A dynamic and data-driven EWS can use the HPEFCM-FSP clustering algorithm and NeuroEvoClass predictive model. Teachers, counselors, and administrators can use real-time decision support from the system incorporated in an institution’s Academic Information System (AIS) or Learning Management System (LMS).

Phase I: student profiling through HPEFCM-FSP clustering

In the beginning of each academic term, the HPEFCM-FSP algorithm can cluster students into “Excellent,” “Good,” “Average,” and “At-Risk.” Academic and demographic factors like internal assessment results, attendance, parental education, and prior academic success constitute these groups. Student clusters with low performance can be automatically flagged for early intervention.

Phase 2: dynamic performance prediction with NeuroEvoClass

After clustering pupils, the NeuroEvoClass model may predict academic success or failure based on recent activity and assessment outcomes.The Particle Swarm Optimization-optimized artificial neural network has dynamically adjustable parameters.It analyzes pupils’ academic achievement prospects weekly or monthly by updating their risk profiles with new input data.

Institutions can move from reactive to proactive academic support by efficiently allocating resources and delivering timely interventions that can improve student results. Data-driven ecosystems improve academic performance, institutional accountability, and student satisfaction.

Limitations and future work

HPEFCM-FSP algorithm clusters educational data well on benchmark datasets, however the publication acknowledges limitations and proposes further research. Addressing these constraints and exploring improvements can boost the algorithm’s EDM efficacy and usefulness.

Limitations of the study

The HPEFCM-FSP algorithm’s performance depends on dataset characteristics. This study employed benchmark datasets to represent varied educational data, but other datasets with unique qualities may impact the algorithm’s clustering results.

HPEFCM-FSP performs well but may struggle with large datasets. Larger datasets may require more processing resources, limiting iterative efficiency.

Generality: Benchmark datasets show algorithm’s educational data clustering effectiveness. Generalizing the findings to all educational datasets is problematic because dataset variables and environment might alter algorithm performance.

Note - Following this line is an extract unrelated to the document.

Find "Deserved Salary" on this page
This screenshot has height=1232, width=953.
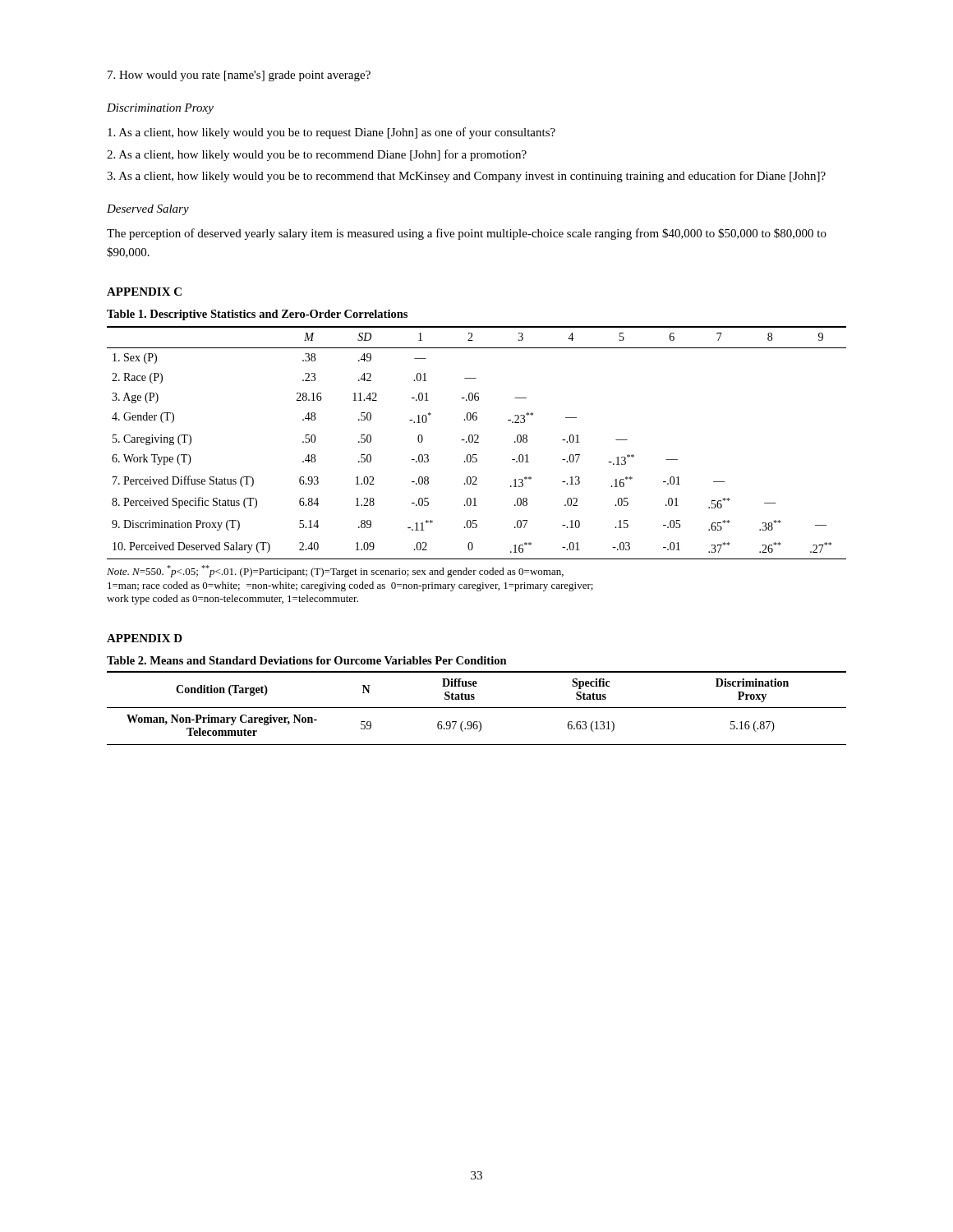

Areas for future research and improvements

HPEFCM-FSP could be optimized for scalability and processing large educational datasets in future research. Distributed and parallel computing may solve computational issues.

Scalability with Noisy Data: Test algorithms on noisy or missing datasets. Learning how to manage noisy data and robustly impute missing values could make the algorithm more useful for educational settings.

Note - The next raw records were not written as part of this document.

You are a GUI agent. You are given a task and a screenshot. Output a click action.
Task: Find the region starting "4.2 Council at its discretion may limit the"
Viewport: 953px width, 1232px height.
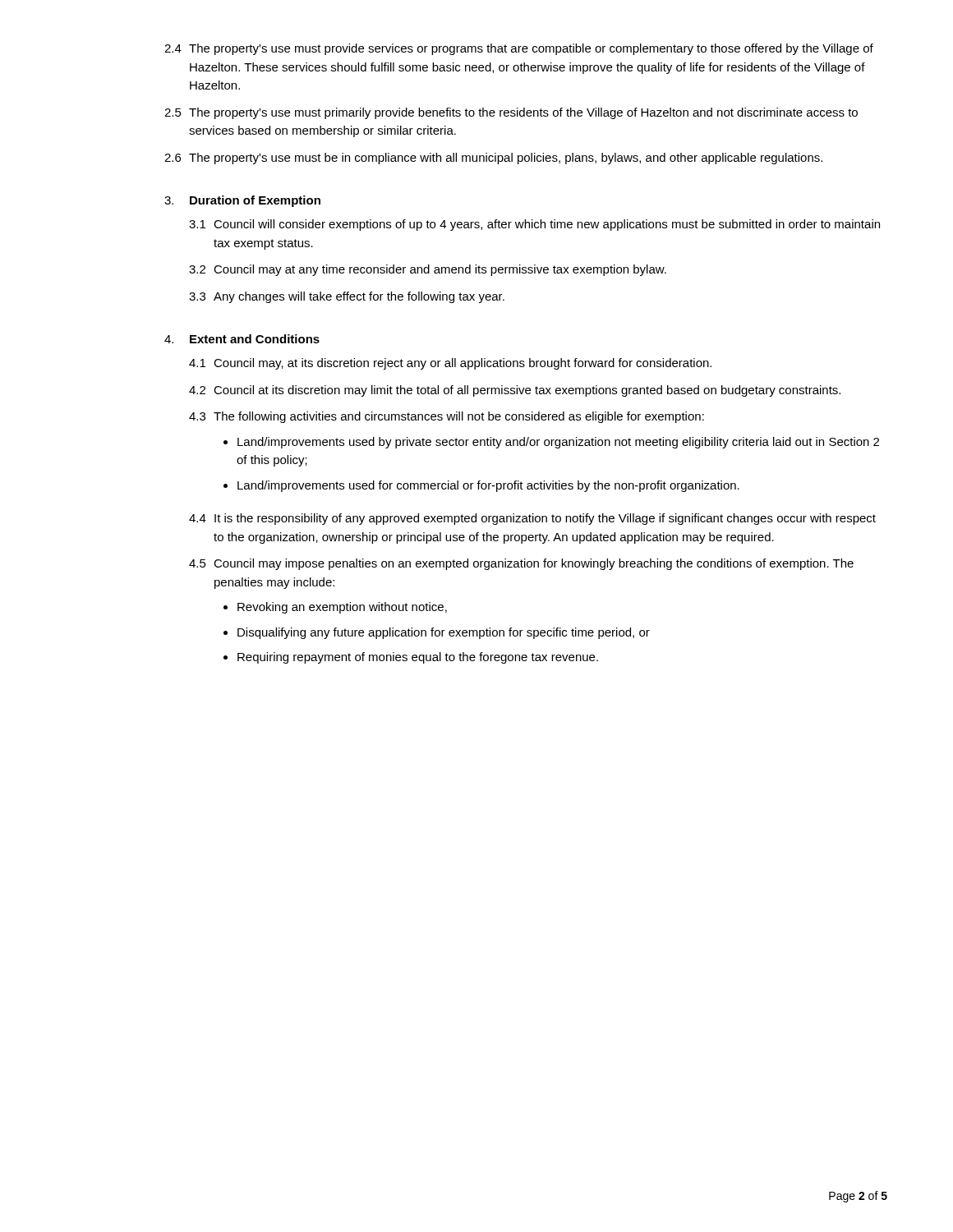point(538,390)
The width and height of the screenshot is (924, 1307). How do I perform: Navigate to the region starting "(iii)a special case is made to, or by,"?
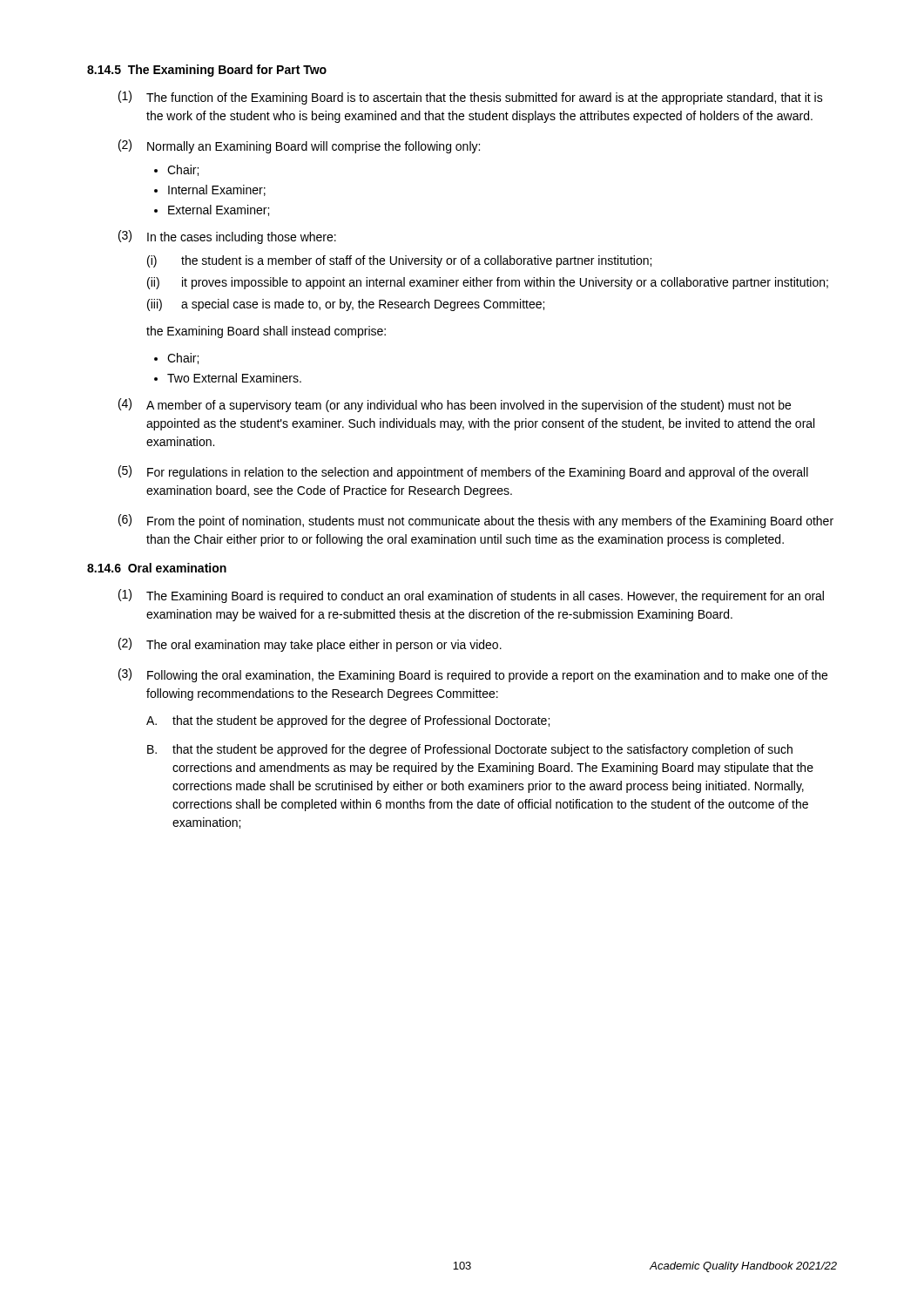point(492,305)
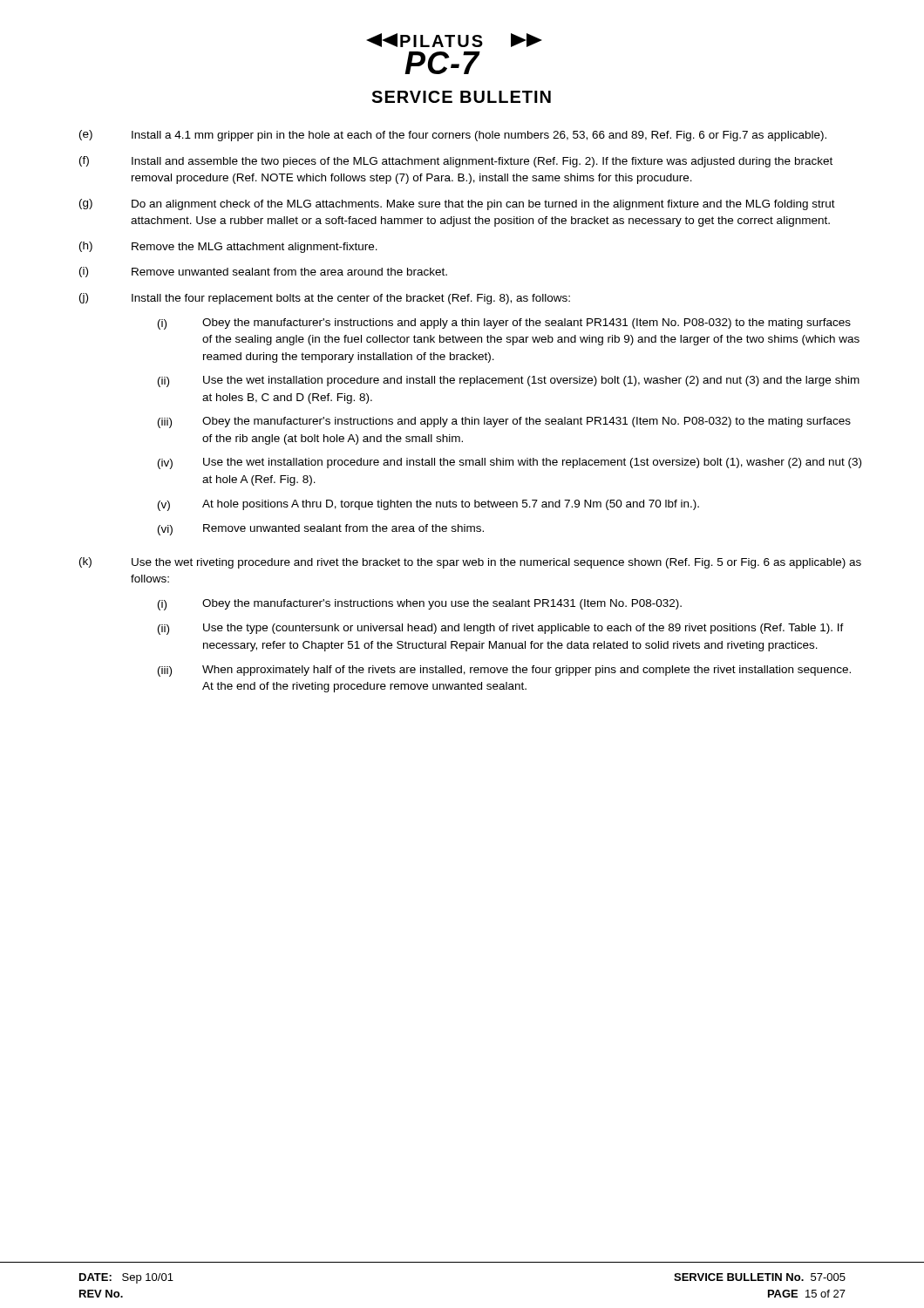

Improve Interpretability: The HPEFCM-FSP method can reveal student performance trends by enhancing interpretability. Cluster visualization and explanation may help educators.

Customizing Educational Data Clustering: Add ___domain-specific information and limits to improve performance. Domain experts may improve feature selection and parameter adjusting.

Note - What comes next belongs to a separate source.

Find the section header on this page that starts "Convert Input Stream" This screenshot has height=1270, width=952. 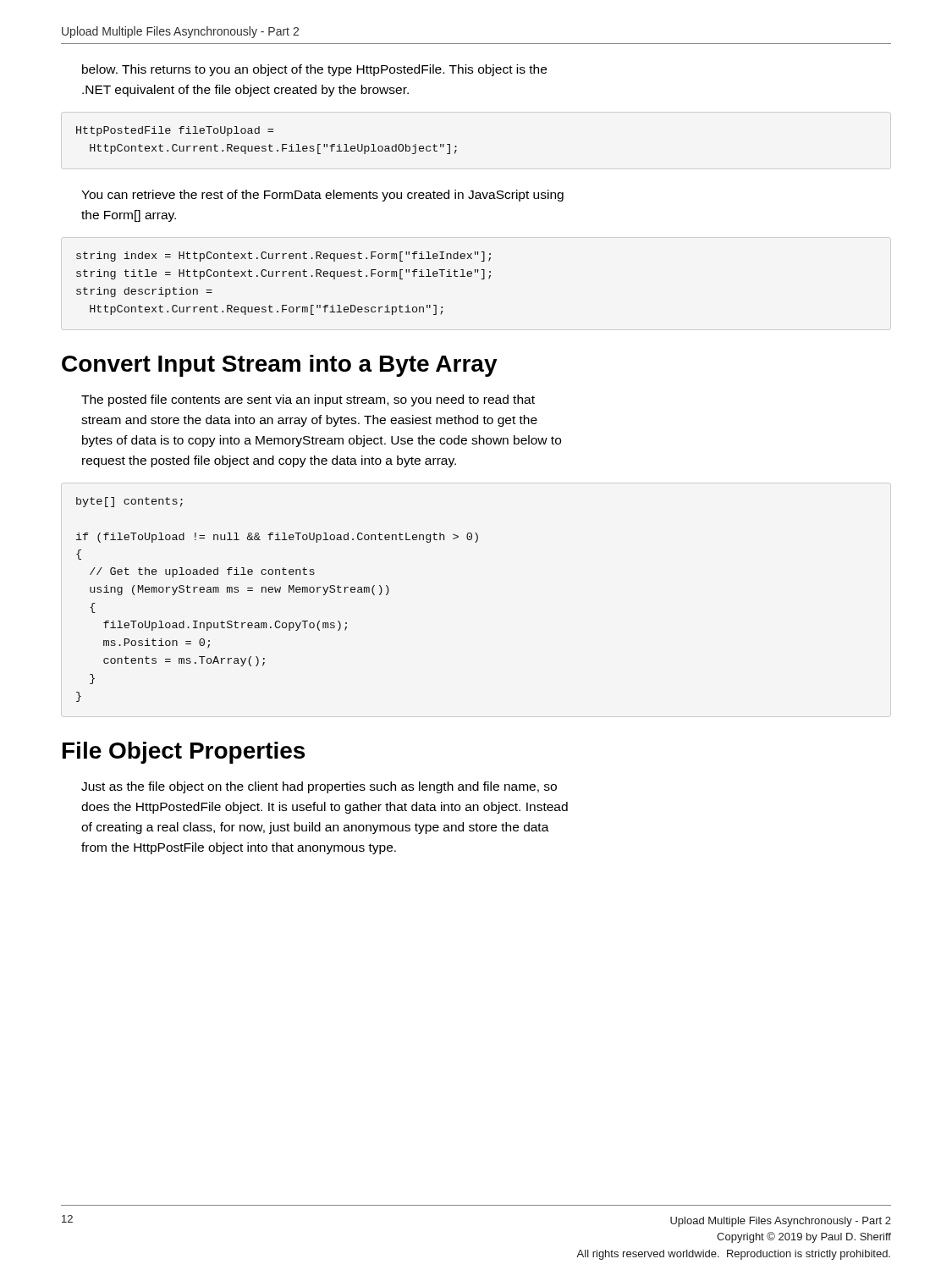coord(279,363)

Future studies should evaluate the algorithm’s impact on educational interventions and decision-making. Longitudinal studies and intervention effectiveness based on the algorithm’s grouping could verify its usefulness.

Conclusions

NeuroEvoClass is a novel strategy for an educational institution’s EWS to identify underperforming students. With its unique PSO and dynamic adaption features, NeuroEvoClass optimises neural network topologies. Adaptability allows the approach to dynamically fine-tune network topologies based on the complicated student trait dataset. Innovative progressive convergence shows the algorithm’s ability to enhance prediction across iterations. NeuroEvoClass’s accuracy, precision, recall, and F1-score surpass traditional models, making it excellent for Early Warning Systems. EDM predicts student performance to solve complex academic problems. Research has two phases. Phase I uses the HPEFCM-FSP algorithm to group students by performance to identify those who need additional help. Phase II improves ANN’s student outcome prediction and classification with NeuroEvoClass and Particle Swarm Optimization. Student academic performance insights, decision-making, and educational results are the goals of the multiphase strategy.